*** Opening Dataset content ***

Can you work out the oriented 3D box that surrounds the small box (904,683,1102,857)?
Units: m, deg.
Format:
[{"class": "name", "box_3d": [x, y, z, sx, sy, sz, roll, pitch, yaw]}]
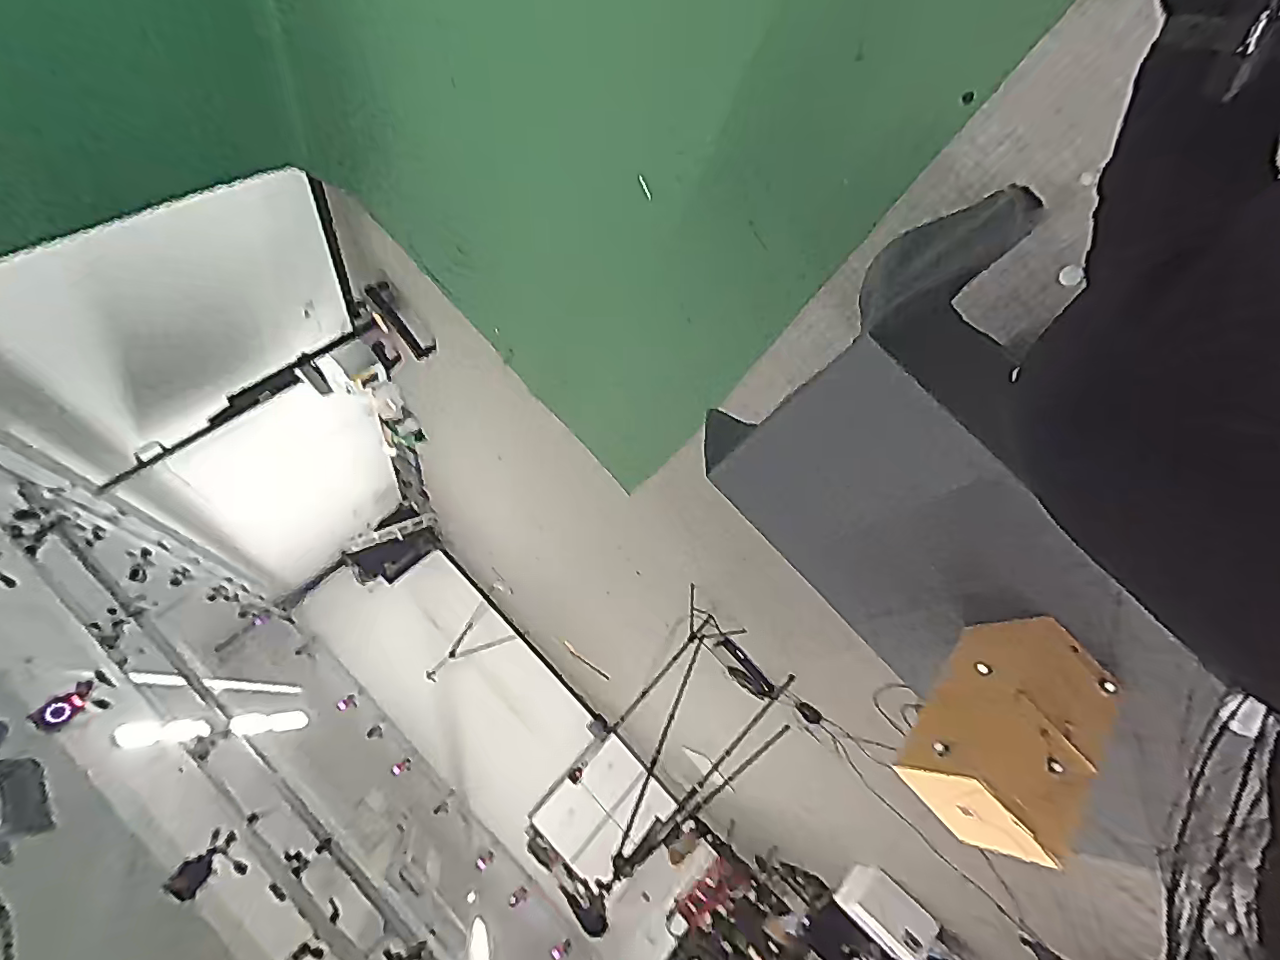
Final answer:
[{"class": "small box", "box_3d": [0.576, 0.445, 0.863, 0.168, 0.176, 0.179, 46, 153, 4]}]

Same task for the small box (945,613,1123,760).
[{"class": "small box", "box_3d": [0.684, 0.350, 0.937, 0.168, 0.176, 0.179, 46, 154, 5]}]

*** Closing Dataset content ***
*** Opening Dataset content ***

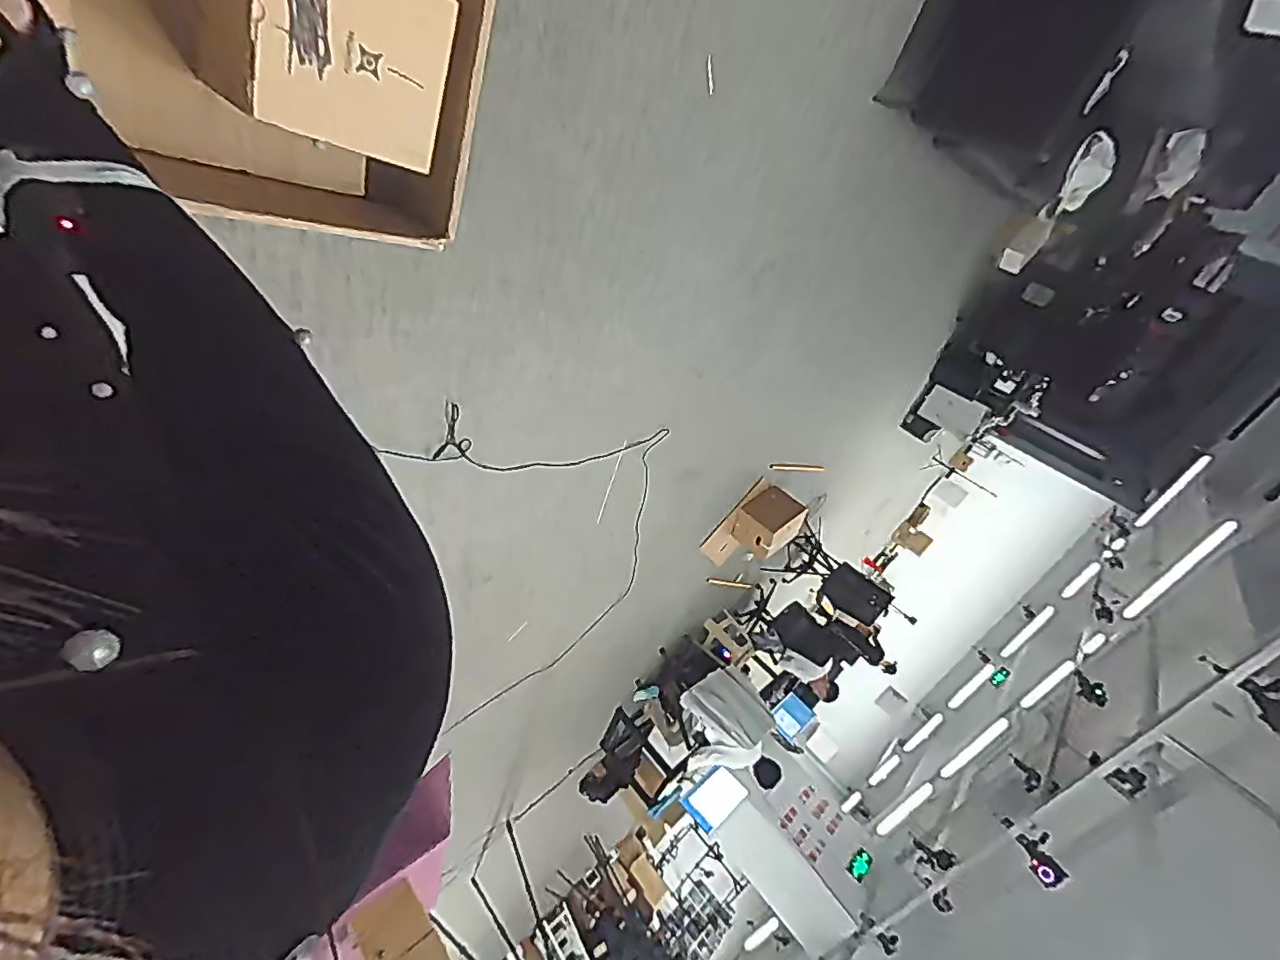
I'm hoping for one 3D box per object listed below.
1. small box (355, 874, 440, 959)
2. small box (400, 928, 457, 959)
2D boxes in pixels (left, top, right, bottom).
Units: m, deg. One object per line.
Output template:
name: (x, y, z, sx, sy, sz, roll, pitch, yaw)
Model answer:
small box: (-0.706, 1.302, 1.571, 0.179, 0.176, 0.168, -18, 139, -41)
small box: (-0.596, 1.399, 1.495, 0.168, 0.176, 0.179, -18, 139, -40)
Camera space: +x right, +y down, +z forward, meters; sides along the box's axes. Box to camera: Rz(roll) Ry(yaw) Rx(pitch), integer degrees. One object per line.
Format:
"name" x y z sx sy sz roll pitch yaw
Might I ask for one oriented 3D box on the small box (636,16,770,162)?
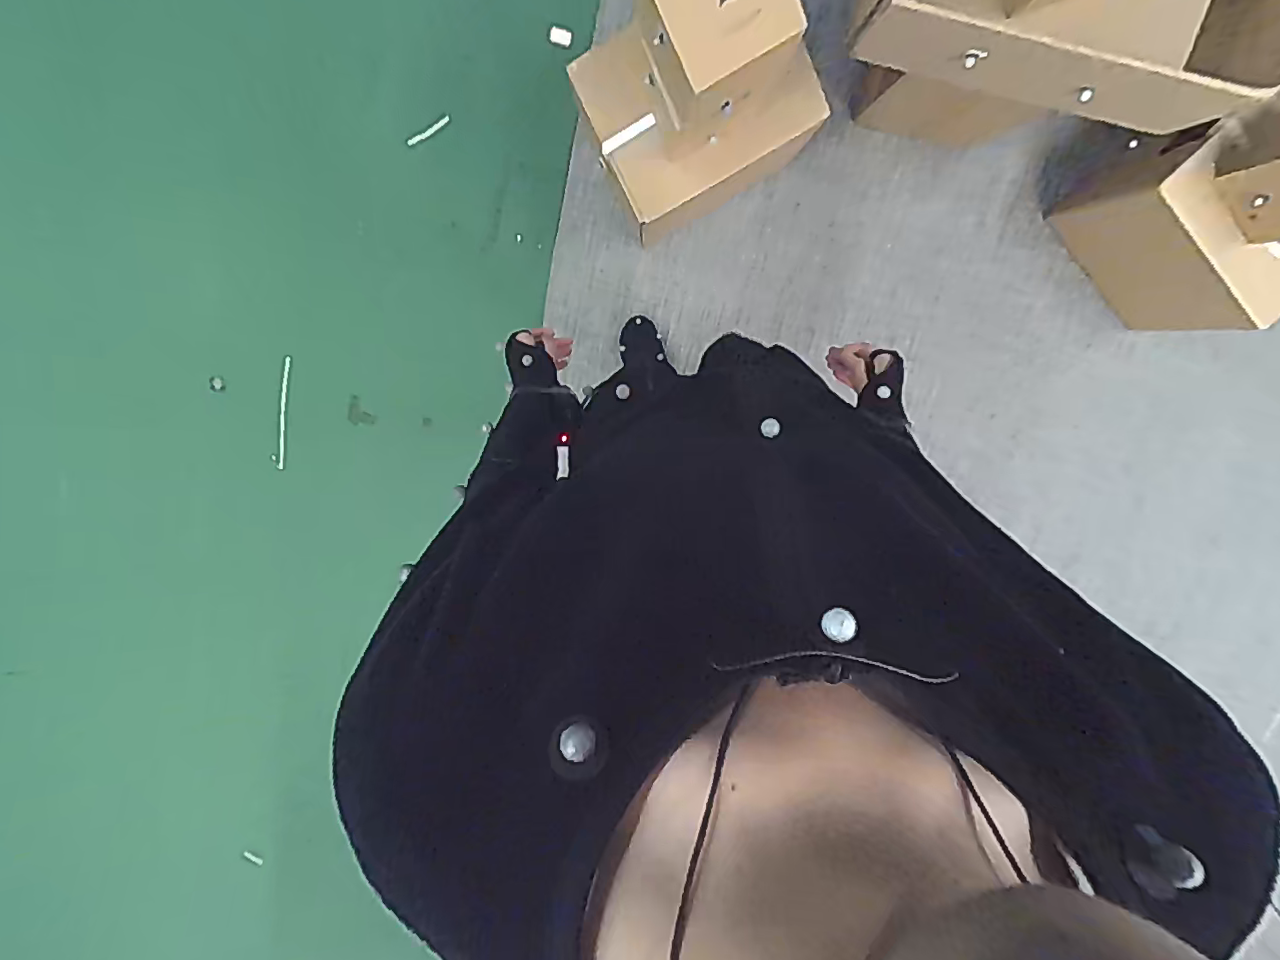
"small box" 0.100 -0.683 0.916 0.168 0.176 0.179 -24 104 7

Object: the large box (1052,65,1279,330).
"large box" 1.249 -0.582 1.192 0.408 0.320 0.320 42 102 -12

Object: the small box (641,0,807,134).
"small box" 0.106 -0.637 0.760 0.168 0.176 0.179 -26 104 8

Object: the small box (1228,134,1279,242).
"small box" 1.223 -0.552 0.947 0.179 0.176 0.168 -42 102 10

*** Closing Dataset content ***
*** Opening Dataset content ***

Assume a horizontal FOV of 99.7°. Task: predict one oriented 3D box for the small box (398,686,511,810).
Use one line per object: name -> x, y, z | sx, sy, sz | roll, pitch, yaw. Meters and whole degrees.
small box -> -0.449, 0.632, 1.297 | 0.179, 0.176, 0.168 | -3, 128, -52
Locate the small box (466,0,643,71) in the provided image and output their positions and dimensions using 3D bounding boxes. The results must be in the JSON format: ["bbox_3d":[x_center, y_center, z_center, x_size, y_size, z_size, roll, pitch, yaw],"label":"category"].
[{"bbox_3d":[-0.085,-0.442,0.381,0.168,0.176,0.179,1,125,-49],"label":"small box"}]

*** Closing Dataset content ***

_Try it_
Please determine how many lines of the records above include the word "Units", replying with a number alone.

_Completed exercise_
2